NCC Group Q1 Threat Report Update: Exploits publicly available for 29% of critical vulnerabilities discovered
Research from NCC Group’s Research and Intelligence Fusion Team (RIFT), has revealed that, of the more than 4,400 vulnerabilities that were disclosed* between January and March 2021, 72% had no patches available.
Of these vulnerabilities, 13% were classed as critical, and a proof-of-concept exploit was publicly available for 29%.
For around 50% of the vulnerabilities for which an exploit code was accessible, no remediation patch was available – meaning that cyber criminals would be able to successfully target hardware or software by exploiting the vulnerabilities.
Our threat intelligence also identified a trend of cyber criminals targeting a single vulnerability to exploit multiple issues within a system. One example is the Microsoft Exchange zero-day (CVE-2021-26855), which led to a range of threat actors attempting to exploit this and other vulnerabilities to target email servers.
The total number of critical vulnerabilities, calculated using vulnerability database figures*, was 4% lower than the same period in 2020, which could indicate a slight positive trend towards built-in security as part of the software design life cycle.

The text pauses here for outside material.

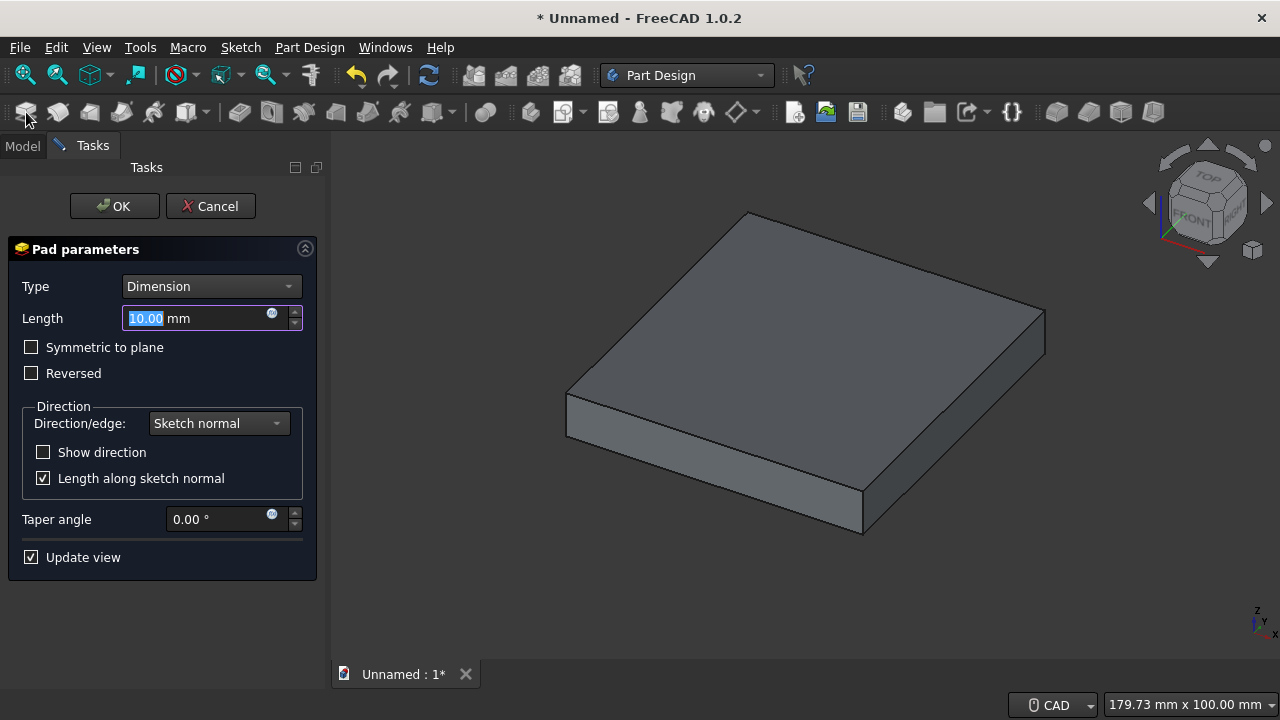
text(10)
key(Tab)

Ollie Whitehouse, global CTO at NCC Group, said: “While there has been a slight decrease in the number of high-risk vulnerabilities publicly reported, the true scale is much larger. Leadership and engineering teams must prioritise security as part of the development process and have an effective and rapid vulnerability root cause analysis, remediation and disclosure processes in place in order to quickly and comprehensively resolve, release and communicate any issues to customers.
“It is important for organisations to have a performance culture around asset management and patch deployment. Without such an ethos and approach the likelihood that organisations are resilient to current and future vulnerabilities is greatly diminished.”
Notes to editors
*Figures calculated using available data from the National Vulnerability Database, MITRE and NIST vulnerability databases, as well as Google Project Zero.